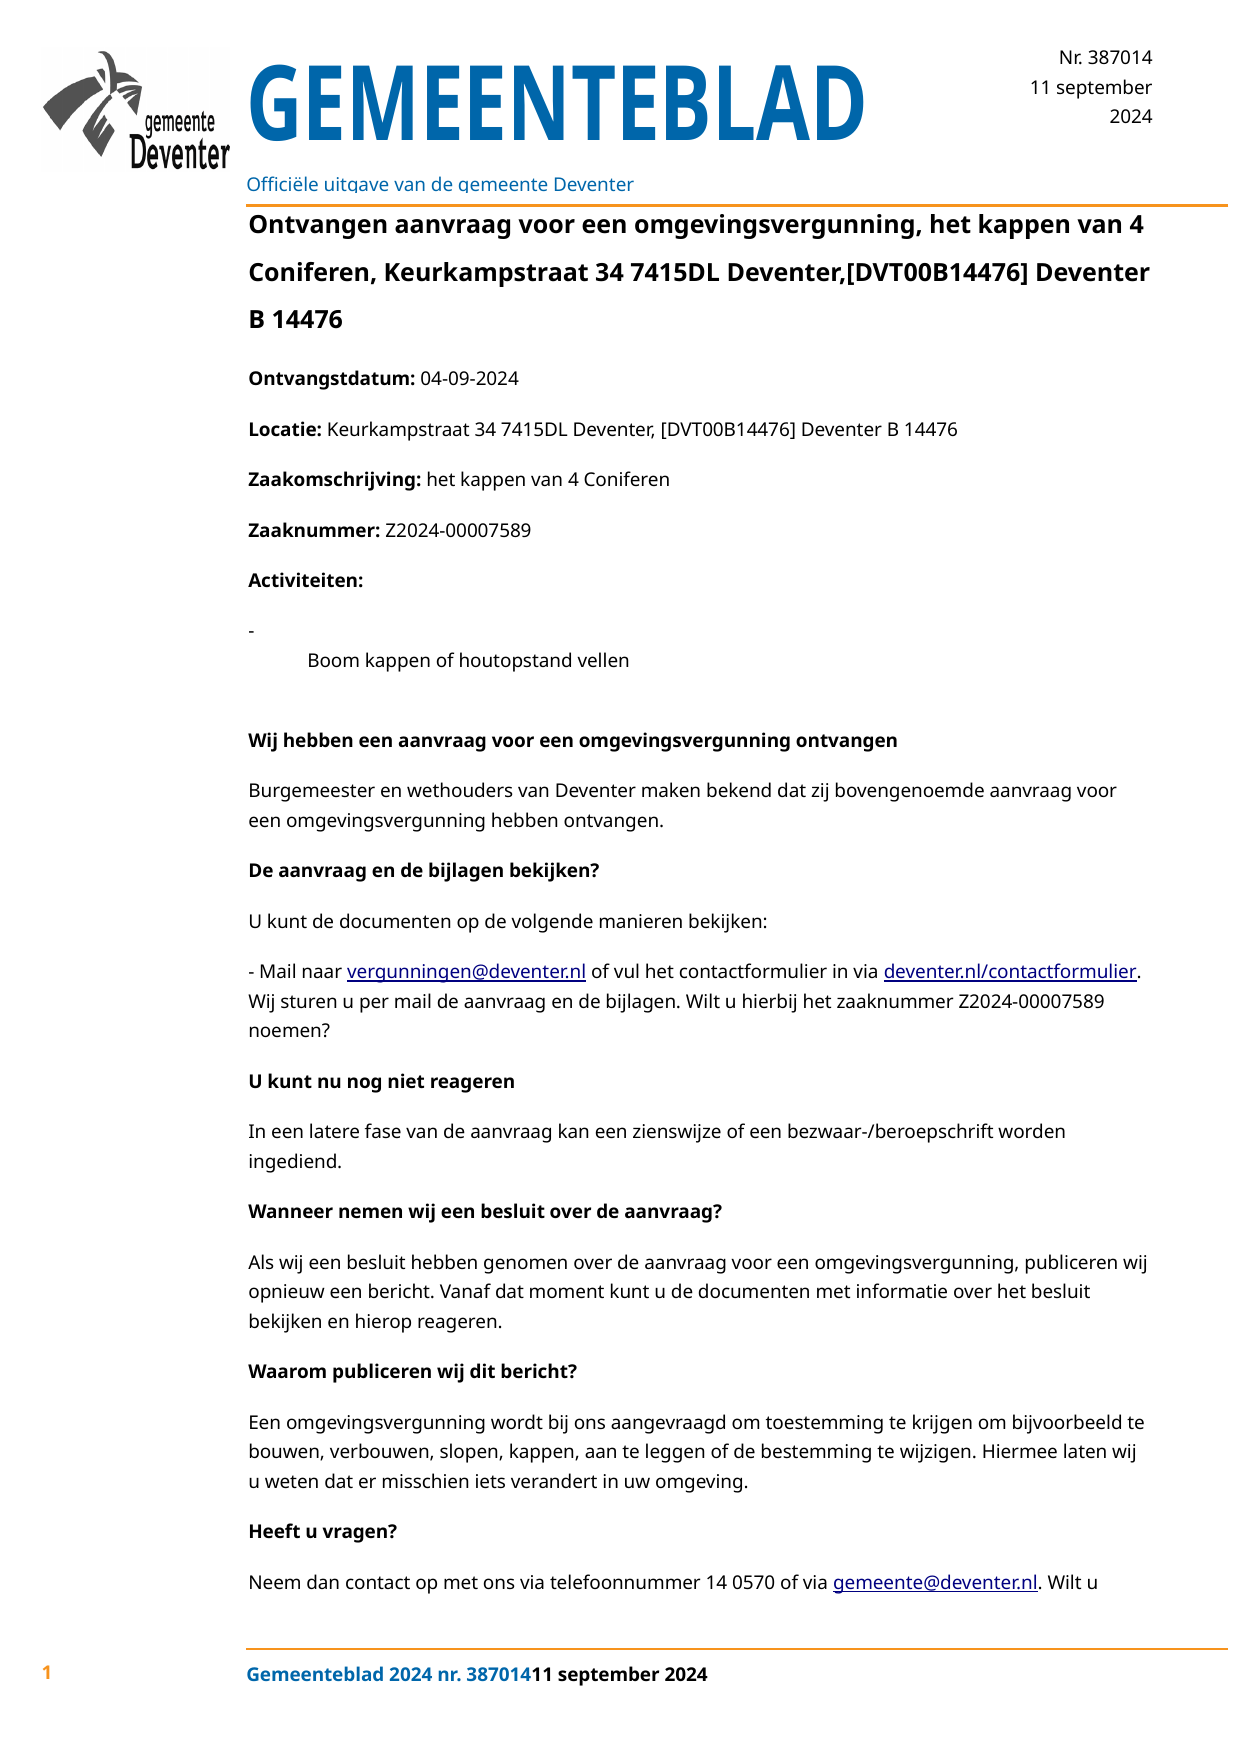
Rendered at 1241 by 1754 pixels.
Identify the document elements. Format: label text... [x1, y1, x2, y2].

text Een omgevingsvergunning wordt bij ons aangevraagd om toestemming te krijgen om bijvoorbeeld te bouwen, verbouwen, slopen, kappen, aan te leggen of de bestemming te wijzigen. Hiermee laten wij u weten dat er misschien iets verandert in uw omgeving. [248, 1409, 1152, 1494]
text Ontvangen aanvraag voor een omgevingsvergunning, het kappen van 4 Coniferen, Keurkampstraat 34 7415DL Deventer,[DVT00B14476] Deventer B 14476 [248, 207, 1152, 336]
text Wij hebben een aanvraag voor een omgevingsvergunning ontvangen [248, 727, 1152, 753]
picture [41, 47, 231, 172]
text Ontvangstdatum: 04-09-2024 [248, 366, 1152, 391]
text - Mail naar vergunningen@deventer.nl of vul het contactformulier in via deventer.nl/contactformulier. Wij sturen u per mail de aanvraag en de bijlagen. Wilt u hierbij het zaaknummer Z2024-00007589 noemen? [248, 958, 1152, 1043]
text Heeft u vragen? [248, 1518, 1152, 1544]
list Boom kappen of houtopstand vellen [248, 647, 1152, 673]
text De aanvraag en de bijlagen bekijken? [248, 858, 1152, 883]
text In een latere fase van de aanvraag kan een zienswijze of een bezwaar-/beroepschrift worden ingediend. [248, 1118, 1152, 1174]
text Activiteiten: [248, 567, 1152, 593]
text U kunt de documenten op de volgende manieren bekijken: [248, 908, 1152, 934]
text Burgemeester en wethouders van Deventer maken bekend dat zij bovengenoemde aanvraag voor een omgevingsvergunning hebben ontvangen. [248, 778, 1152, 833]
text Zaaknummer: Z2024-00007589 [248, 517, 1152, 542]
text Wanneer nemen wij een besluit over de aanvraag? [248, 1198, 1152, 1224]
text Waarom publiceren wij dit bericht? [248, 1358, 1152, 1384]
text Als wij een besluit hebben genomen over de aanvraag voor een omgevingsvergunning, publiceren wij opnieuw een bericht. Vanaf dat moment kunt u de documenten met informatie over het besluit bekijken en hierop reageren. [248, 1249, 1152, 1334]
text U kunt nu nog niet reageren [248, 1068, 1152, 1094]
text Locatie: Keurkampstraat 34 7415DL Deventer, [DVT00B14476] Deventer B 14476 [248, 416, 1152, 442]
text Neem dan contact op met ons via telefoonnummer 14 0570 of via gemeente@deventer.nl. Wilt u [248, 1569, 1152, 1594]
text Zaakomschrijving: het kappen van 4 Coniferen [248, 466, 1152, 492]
§
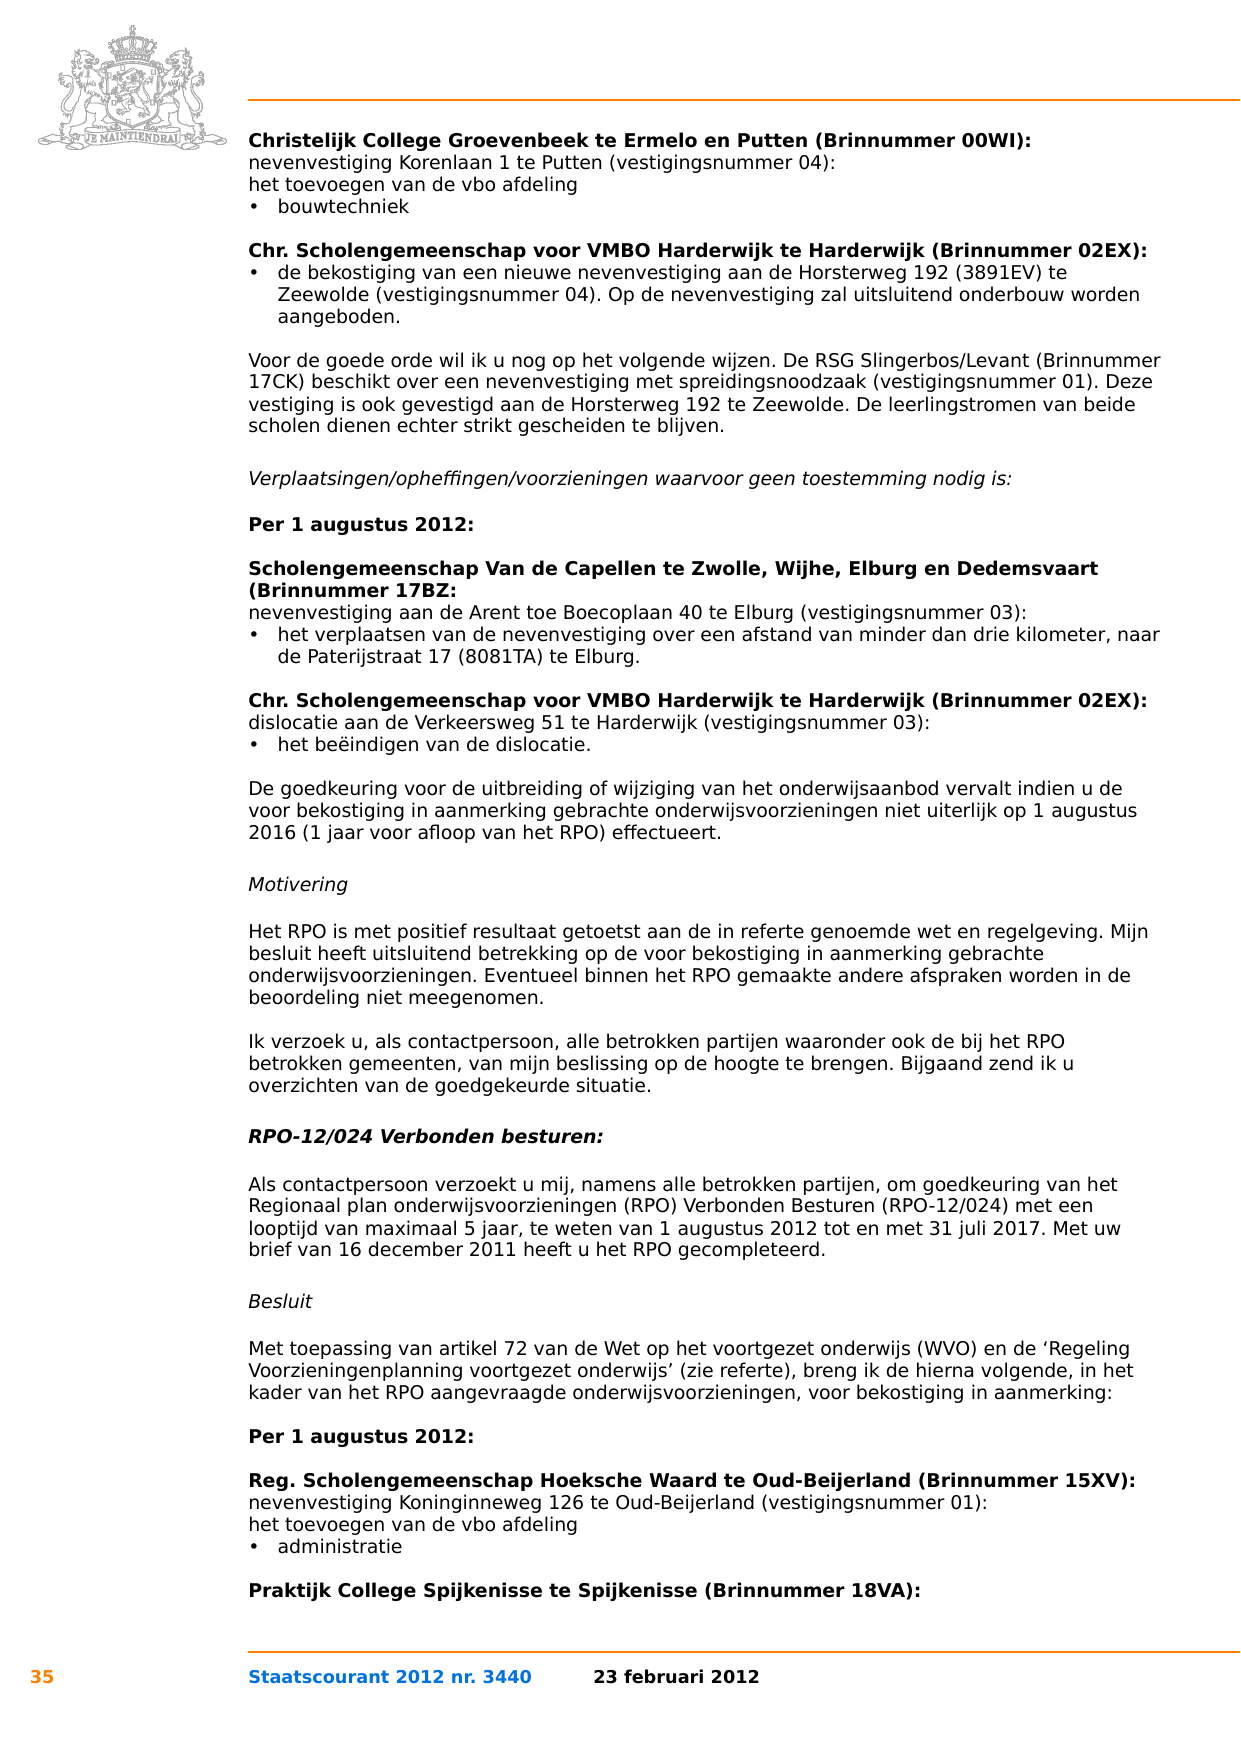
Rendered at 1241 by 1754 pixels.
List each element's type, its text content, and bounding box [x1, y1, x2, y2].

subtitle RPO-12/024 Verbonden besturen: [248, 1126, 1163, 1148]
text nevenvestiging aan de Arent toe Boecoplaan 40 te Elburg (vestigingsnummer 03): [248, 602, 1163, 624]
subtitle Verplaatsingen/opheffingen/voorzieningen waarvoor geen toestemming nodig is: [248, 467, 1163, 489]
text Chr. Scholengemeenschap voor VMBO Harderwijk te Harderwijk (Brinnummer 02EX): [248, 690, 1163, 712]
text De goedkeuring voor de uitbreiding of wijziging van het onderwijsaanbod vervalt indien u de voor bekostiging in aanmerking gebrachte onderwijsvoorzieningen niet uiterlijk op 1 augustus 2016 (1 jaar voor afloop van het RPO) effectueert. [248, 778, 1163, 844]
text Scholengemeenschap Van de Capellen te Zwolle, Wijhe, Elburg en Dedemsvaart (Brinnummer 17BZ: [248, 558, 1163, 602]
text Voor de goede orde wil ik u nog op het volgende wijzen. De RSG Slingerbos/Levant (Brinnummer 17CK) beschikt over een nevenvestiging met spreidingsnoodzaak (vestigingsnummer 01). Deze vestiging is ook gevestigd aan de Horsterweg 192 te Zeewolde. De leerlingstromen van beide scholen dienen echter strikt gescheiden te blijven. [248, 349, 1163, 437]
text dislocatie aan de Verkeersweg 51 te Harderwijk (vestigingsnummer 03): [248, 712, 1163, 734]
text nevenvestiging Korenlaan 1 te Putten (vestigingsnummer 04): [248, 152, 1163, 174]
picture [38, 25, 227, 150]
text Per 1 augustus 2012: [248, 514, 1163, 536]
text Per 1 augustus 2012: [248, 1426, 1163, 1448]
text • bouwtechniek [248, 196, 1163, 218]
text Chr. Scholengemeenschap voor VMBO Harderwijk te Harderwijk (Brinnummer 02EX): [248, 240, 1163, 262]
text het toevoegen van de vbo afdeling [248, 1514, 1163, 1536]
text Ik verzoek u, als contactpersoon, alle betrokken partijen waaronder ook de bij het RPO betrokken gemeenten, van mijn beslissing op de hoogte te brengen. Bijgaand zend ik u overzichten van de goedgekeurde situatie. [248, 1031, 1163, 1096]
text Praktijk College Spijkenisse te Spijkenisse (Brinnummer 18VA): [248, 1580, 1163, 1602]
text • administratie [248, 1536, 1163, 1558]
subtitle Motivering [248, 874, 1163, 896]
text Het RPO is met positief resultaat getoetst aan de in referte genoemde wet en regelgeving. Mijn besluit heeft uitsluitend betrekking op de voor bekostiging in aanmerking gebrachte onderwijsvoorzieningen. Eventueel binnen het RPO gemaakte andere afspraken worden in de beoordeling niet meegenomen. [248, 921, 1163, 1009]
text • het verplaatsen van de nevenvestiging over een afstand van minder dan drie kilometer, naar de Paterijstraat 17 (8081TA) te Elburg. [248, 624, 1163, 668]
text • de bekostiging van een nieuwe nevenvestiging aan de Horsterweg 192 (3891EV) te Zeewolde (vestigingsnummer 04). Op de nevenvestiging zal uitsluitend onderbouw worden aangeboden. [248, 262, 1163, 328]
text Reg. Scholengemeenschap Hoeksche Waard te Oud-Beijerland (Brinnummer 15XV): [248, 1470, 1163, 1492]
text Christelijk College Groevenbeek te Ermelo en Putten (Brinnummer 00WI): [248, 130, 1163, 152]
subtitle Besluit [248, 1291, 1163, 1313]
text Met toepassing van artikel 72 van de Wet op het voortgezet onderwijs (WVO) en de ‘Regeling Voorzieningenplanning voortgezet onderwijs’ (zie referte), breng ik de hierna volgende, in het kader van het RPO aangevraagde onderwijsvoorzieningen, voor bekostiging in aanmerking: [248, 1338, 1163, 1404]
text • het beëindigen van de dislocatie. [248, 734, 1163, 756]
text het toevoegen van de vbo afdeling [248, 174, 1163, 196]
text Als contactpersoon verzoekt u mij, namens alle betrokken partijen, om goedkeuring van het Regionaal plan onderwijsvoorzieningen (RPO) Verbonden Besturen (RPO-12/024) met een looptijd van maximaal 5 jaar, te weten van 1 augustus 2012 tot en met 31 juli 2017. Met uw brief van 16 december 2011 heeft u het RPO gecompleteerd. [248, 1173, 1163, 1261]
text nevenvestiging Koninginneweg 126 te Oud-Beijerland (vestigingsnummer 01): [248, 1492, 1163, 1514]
§
• What this task involves: All lines above that contain the word "Harderwijk" are to be copied.

• The completed task:
text Chr. Scholengemeenschap voor VMBO Harderwijk te Harderwijk (Brinnummer 02EX): [248, 690, 1163, 712]
text dislocatie aan de Verkeersweg 51 te Harderwijk (vestigingsnummer 03): [248, 712, 1163, 734]
text Chr. Scholengemeenschap voor VMBO Harderwijk te Harderwijk (Brinnummer 02EX): [248, 240, 1163, 262]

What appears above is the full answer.